> Extracted records

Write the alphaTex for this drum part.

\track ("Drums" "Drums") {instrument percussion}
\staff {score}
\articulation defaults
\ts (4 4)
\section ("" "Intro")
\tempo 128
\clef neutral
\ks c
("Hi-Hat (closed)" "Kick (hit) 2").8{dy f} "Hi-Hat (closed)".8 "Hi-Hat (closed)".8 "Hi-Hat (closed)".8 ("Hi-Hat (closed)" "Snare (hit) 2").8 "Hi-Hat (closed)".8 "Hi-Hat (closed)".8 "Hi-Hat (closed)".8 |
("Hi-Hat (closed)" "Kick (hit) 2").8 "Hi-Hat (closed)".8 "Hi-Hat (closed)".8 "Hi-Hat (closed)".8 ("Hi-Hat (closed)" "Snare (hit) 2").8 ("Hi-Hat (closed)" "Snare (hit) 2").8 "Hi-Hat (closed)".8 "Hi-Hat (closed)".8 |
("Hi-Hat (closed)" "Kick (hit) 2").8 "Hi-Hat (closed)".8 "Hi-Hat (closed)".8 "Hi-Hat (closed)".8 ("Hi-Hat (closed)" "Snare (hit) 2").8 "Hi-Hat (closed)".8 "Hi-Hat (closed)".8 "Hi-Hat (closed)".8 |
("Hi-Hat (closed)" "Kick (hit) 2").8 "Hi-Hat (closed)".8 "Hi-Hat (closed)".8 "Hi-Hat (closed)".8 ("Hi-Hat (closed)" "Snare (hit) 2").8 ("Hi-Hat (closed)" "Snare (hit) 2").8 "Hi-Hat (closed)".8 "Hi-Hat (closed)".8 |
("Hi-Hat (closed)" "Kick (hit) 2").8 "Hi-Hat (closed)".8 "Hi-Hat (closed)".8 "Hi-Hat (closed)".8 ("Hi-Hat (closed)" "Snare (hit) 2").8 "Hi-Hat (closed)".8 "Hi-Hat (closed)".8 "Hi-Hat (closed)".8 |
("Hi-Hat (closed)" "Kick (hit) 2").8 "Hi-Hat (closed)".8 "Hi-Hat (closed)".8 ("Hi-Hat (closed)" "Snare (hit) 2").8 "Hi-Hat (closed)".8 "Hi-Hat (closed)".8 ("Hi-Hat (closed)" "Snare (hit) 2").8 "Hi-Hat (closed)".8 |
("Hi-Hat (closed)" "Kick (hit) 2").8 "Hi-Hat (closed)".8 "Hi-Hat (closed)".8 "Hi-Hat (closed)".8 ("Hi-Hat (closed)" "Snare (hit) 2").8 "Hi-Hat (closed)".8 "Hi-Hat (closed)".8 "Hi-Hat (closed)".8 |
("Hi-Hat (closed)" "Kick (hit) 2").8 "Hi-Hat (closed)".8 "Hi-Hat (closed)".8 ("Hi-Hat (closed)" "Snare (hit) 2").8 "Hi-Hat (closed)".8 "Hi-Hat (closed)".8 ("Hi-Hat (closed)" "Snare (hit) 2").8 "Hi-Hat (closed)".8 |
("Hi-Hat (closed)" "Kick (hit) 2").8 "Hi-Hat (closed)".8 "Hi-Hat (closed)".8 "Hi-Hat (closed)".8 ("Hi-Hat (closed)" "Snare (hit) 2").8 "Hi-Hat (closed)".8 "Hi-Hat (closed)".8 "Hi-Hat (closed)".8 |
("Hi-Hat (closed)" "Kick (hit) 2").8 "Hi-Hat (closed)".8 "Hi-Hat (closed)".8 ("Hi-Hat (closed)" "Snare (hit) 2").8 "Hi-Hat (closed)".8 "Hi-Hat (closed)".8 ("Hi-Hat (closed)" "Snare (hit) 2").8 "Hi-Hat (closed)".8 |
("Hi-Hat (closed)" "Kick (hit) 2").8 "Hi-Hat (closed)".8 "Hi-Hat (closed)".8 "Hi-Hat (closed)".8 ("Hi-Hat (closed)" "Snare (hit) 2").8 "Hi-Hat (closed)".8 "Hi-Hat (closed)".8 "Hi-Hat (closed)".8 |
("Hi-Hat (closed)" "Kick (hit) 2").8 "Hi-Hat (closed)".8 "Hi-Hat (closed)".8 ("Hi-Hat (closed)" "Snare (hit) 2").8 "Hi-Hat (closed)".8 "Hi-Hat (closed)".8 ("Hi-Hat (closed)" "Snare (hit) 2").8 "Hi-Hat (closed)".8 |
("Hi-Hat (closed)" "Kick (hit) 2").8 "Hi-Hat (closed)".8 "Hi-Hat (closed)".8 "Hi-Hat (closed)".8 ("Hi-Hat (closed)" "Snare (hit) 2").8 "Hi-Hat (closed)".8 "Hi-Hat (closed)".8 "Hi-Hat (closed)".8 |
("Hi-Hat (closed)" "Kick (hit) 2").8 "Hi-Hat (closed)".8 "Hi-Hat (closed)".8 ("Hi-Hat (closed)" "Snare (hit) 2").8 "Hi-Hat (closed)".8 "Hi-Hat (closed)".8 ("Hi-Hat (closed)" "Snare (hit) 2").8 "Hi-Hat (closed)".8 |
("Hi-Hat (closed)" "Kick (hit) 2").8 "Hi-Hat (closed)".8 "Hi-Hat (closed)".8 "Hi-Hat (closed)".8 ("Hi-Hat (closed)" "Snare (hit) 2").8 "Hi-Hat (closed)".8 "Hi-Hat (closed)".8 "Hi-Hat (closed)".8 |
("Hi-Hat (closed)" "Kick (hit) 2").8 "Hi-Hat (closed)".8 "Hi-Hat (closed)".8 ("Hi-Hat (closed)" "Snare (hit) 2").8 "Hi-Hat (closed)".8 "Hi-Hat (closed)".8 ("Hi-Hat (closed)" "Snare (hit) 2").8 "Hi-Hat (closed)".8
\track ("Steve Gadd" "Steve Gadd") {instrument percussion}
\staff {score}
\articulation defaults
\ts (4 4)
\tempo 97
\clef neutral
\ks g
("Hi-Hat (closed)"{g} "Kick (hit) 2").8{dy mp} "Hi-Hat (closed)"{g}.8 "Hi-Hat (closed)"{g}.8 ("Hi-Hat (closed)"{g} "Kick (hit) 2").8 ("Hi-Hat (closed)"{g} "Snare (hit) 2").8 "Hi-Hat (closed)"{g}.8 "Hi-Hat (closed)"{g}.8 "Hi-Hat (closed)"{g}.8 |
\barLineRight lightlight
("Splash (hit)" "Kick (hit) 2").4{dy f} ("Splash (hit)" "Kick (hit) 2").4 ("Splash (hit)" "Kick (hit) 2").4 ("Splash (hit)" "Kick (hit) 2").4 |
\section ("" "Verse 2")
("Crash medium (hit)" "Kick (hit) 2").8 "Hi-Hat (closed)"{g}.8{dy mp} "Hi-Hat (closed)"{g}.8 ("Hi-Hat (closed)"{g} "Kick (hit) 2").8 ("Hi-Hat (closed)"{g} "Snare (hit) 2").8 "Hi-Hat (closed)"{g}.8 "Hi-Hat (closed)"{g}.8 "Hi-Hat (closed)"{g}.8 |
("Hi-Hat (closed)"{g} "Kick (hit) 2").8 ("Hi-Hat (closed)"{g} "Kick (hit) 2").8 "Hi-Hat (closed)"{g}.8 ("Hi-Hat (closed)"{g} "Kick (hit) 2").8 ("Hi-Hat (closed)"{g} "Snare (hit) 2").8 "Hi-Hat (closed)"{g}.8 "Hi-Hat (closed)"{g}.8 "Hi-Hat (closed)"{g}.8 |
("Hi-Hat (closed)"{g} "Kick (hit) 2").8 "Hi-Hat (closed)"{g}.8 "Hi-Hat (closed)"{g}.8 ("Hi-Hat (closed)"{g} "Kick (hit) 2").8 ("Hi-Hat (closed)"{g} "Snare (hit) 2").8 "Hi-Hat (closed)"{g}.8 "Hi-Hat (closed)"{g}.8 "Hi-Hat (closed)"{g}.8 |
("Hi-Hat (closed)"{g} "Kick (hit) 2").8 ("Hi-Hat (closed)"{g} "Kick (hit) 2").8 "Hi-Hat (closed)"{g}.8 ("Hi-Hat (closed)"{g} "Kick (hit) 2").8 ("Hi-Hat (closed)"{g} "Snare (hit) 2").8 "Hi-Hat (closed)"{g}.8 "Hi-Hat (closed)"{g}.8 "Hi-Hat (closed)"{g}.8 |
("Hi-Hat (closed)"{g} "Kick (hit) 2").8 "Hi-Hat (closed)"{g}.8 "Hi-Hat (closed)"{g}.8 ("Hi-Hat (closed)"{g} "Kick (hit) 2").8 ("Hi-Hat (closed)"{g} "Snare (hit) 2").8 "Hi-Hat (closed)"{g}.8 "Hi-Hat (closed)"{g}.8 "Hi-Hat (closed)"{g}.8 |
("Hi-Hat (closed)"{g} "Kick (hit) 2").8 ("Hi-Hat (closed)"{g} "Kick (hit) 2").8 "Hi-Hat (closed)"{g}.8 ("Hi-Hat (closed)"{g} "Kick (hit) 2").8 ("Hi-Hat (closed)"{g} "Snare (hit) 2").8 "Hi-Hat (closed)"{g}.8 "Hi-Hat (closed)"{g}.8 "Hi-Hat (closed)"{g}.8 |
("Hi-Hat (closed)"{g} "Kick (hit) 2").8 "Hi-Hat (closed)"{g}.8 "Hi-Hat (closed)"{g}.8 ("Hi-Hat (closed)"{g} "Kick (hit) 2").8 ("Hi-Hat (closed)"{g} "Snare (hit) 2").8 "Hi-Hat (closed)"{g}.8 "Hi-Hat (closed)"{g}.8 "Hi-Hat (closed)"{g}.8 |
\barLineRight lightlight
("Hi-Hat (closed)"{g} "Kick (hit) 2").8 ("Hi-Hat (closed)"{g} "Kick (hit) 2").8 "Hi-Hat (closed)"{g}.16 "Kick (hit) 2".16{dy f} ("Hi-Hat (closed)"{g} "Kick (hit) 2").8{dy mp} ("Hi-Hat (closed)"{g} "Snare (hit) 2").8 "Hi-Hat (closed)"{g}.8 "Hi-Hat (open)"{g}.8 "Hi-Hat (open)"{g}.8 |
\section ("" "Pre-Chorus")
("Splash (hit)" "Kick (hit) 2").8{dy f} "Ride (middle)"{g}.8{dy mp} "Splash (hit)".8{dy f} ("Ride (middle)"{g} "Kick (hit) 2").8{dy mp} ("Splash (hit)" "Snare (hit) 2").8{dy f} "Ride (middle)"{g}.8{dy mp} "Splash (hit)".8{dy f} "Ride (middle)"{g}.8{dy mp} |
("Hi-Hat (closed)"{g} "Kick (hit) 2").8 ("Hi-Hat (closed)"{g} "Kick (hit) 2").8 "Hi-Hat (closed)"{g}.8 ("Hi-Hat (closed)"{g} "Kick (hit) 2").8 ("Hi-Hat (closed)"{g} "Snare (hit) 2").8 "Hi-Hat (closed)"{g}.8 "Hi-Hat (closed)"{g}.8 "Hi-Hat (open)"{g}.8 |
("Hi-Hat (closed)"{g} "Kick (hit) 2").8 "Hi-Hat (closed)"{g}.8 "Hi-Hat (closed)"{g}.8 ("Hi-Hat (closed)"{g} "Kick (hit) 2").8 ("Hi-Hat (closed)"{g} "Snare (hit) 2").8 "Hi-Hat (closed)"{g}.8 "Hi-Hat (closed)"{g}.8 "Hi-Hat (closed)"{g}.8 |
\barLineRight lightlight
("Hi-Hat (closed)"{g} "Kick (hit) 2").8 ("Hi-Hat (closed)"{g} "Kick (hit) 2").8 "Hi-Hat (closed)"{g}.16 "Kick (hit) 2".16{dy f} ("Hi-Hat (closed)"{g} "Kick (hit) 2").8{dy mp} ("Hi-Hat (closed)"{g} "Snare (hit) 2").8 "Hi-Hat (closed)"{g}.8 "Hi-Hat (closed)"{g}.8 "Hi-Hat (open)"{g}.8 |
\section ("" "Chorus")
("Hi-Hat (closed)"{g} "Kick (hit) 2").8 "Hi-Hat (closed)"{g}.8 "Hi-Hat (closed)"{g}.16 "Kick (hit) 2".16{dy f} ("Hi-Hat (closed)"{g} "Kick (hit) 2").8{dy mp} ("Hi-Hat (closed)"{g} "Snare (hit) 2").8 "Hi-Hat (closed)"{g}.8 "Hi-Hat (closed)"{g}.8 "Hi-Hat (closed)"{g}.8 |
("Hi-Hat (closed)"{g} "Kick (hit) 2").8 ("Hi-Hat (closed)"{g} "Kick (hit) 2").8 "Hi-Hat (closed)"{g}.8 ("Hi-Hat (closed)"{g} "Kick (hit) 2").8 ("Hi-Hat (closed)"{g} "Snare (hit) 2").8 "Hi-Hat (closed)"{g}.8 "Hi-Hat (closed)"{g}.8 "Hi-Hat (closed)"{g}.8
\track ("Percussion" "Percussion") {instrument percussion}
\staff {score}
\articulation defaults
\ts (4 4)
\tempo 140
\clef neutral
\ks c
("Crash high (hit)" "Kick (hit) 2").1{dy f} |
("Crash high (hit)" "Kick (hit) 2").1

> What needs to be done
The lines to return are those in the entries above that hold "section".

> Exercise result
\section ("" "Intro")
\section ("" "Verse 2")
\section ("" "Pre-Chorus")
\section ("" "Chorus")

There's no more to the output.